On Wednesday, the Trump administration continued to flex its muscles against China with Secretary of State Mike Pompeo telling reporters the U.S. will take steps against the popular Chinese video streaming app TikTok. The U.S. accuses TikTok of misusing data it gathers from its users, many of whom are young people making quick funny videos. At an earlier news conference on Wednesday, Pompeo said the U.S. will implement travel bans on Huawei employees and associates viewed to be helping countries violate human rights.
More battles over Huawei are coming. In Europe, Germany is expected to decide in September how it will treat Huawei.
For months, German leaders have been sparring over Huawei and key members of Chancellor Angela Merkel’s party and her coalition partners, the Social Democrats, want to see Huawei technology banned on national security and human rights grounds.

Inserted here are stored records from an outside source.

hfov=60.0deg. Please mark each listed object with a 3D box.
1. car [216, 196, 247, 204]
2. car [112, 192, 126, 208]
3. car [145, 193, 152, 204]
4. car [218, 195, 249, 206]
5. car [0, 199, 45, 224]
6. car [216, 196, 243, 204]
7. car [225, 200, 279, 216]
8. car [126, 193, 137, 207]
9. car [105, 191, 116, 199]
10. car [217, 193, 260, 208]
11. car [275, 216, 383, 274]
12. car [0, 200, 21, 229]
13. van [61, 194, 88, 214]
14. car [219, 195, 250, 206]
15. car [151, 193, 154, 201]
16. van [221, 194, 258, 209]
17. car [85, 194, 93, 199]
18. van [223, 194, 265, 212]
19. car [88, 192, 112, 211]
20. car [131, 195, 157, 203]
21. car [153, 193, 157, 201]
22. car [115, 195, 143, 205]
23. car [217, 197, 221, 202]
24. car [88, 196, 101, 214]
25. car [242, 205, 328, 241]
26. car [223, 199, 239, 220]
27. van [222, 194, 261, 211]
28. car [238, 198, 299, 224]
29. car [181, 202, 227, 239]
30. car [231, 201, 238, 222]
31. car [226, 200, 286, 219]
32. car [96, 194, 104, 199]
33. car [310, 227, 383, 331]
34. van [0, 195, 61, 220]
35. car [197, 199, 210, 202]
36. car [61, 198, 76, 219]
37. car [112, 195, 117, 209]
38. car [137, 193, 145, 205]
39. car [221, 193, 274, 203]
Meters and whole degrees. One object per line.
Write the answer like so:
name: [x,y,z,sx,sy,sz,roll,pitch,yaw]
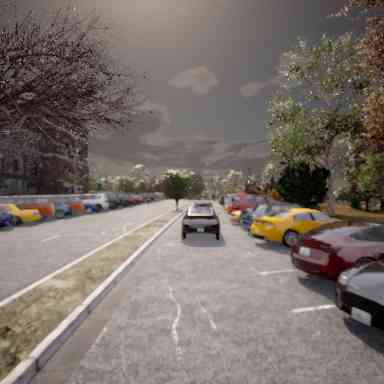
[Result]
car: [7.494,1.508,63.186,5.366,1.575,1.946,1,0,-17]
car: [-11.893,1.245,43.246,5.566,2.045,2.435,-1,0,-17]
car: [-10.807,1.508,64.288,5.008,1.535,2.097,-1,0,-17]
car: [7.014,1.381,56.357,4.553,1.767,2.185,1,0,-17]
car: [-13.045,1.483,22.160,5.366,1.575,1.946,-1,0,-18]
car: [7.481,1.511,66.515,4.892,1.521,2.231,1,0,-17]
car: [5.857,1.527,32.578,4.792,1.488,2.163,1,0,-17]
car: [-11.548,1.248,49.277,5.566,2.045,2.435,-1,0,-17]
car: [-22.192,0.946,90.511,2.435,2.045,5.566,1,-1,-16]
car: [6.576,1.252,47.442,5.566,2.045,2.435,1,0,-17]
car: [4.958,1.520,8.846,4.792,1.488,2.163,1,0,-19]
car: [-13.004,1.481,19.212,5.008,1.535,2.097,-1,0,-18]
van: [-12.346,1.262,31.290,4.442,1.987,1.878,-1,0,-17]
car: [6.806,1.379,53.373,4.553,1.767,2.185,1,0,-17]
car: [-10.643,1.547,67.309,4.674,1.452,2.002,-1,0,-17]
van: [6.293,1.274,44.422,4.442,1.987,1.878,1,0,-17]
car: [-28.113,1.206,90.895,2.231,1.521,4.892,0,-1,-16]
van: [6.010,1.272,38.473,4.442,1.987,1.878,1,0,-17]
car: [-12.187,1.242,37.244,5.566,2.045,2.435,-1,0,-17]
car: [-10.501,1.486,73.285,5.366,1.575,1.946,-1,1,-17]
car: [-10.511,1.249,70.306,5.566,2.045,2.435,-1,0,-17]
car: [-11.088,1.379,58.276,4.553,1.767,2.185,-1,0,-17]
car: [5.795,1.493,35.481,5.366,1.575,1.946,1,0,-17]
car: [-12.309,1.491,34.255,5.008,1.535,2.097,-1,0,-17]
car: [5.071,1.491,14.756,5.008,1.535,2.097,1,0,-18]
car: [5.240,1.489,23.592,5.366,1.575,1.946,1,0,-17]
van: [6.152,1.273,41.448,4.442,1.987,1.878,1,0,-17]
car: [5.151,1.366,17.712,4.553,1.767,2.185,1,0,-18]
car: [0.468,1.500,17.483,2.128,1.511,4.902,0,0,2]
car: [5.285,1.494,20.686,4.892,1.521,2.231,1,0,-18]
car: [5.661,1.525,29.581,4.792,1.488,2.163,1,0,-17]
car: [-25.160,1.241,90.714,2.002,1.452,4.674,1,-1,-16]
car: [4.848,1.518,5.854,4.792,1.488,2.163,1,0,-19]
van: [-12.629,1.259,25.271,4.442,1.987,1.878,-1,0,-18]
car: [1.197,1.521,34.583,1.837,1.490,4.892,0,0,3]
car: [-12.624,1.518,28.230,4.792,1.488,2.163,-1,0,-17]
car: [-12.015,1.494,40.258,5.008,1.535,2.097,-1,0,-17]
car: [-11.250,1.251,55.284,5.566,2.045,2.435,-1,0,-17]
car: [5.577,1.244,26.633,5.566,2.045,2.435,1,0,-17]

But Merkel has said she favors allowing Huawei 5G technology and not stifling a free market and competition. A major concern for German businesses is that banning Huawei could result in retaliation from China against German manufacturers and car companies, which are big exporters to China.

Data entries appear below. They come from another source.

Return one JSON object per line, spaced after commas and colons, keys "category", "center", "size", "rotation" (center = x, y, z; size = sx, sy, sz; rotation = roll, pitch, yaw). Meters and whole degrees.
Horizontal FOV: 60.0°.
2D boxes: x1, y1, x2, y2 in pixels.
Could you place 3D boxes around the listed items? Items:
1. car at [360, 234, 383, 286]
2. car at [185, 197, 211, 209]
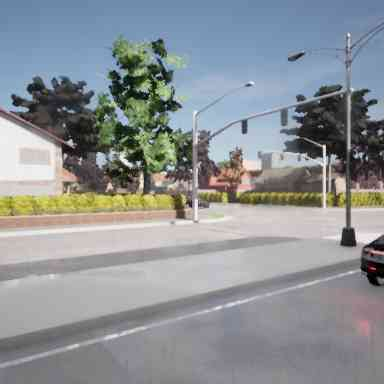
{"category": "car", "center": [6.027, 1.474, 8.086], "size": [4.902, 1.511, 2.128], "rotation": [0, 0, -35]}
{"category": "car", "center": [0.451, 1.456, 43.916], "size": [1.837, 1.490, 4.892], "rotation": [0, 0, -36]}
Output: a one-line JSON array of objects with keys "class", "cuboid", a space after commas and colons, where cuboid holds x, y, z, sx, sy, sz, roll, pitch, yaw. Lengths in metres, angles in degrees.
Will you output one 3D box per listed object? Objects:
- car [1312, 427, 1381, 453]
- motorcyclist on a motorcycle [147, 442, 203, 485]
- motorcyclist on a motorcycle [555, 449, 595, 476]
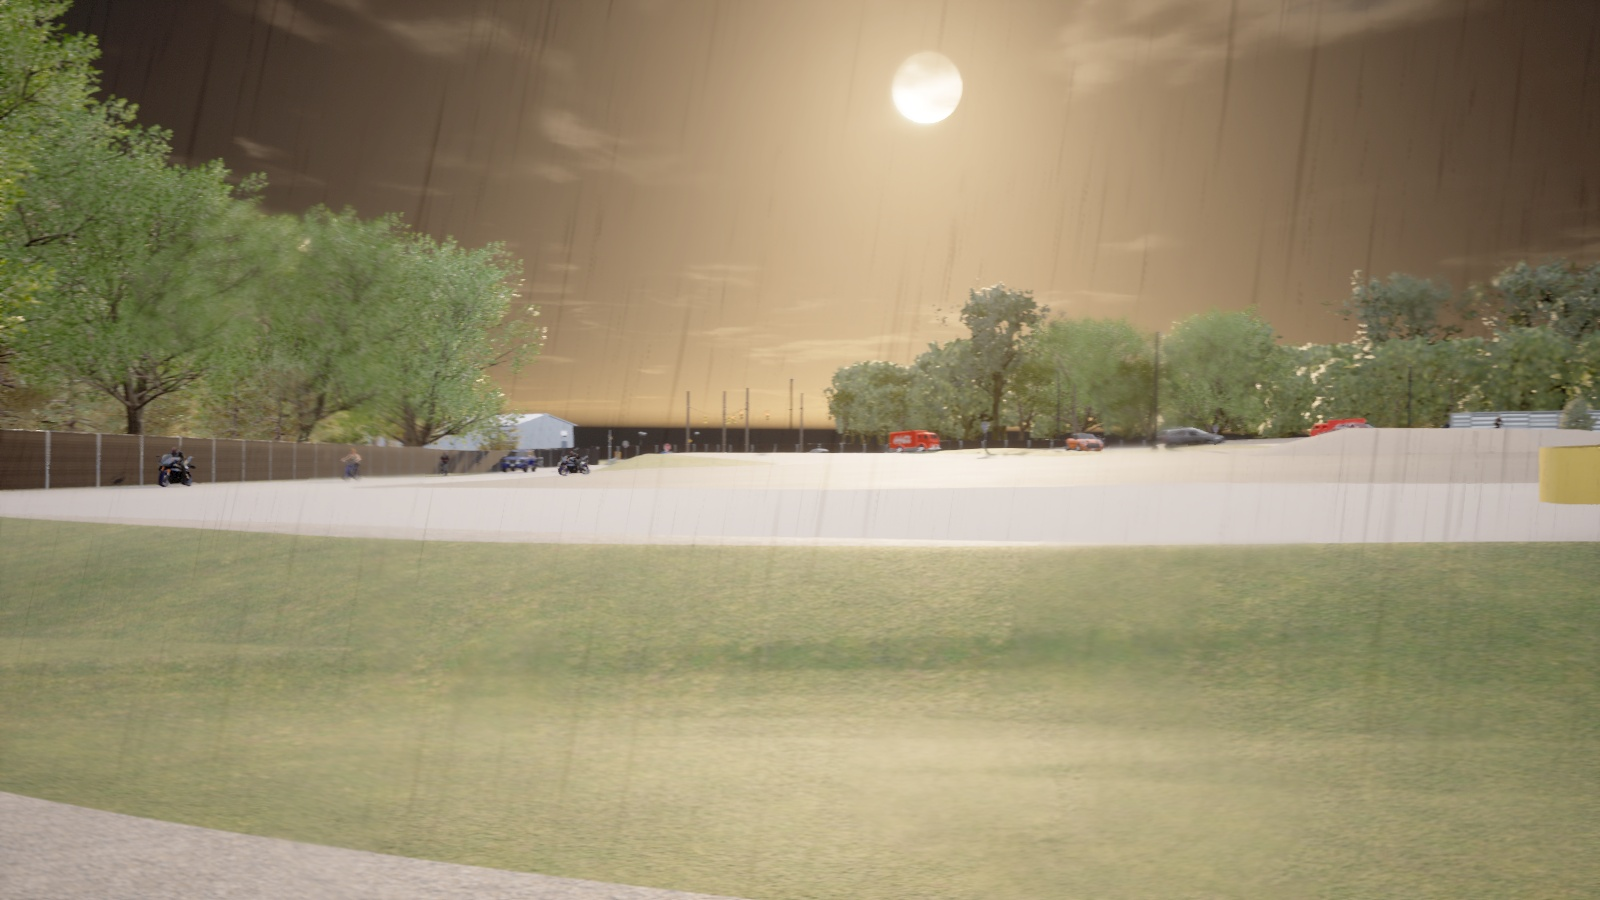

Europeans may be more in favor of allowing Huawei to continue building network systems because many in Europe also have lost trust in U.S. tech companies and the American government after the stunning revelations of whistleblower Edward Snowden.
Many in Europe are suspicious of the U.S. government’s influence, and jurisdiction, over companies like Google. Snowden revealed that the U.S. National Security Agency bugged Merkel’s cellphone and ran widescale surveillance operations on European citizens and leaders. The surveillance was done using American tech companies and platforms, investigations showed.
Politically and economically, China has threatened to retaliate if Europe excludes Huawei.
Courthouse News reporter Cain Burdeau is based in the European Union.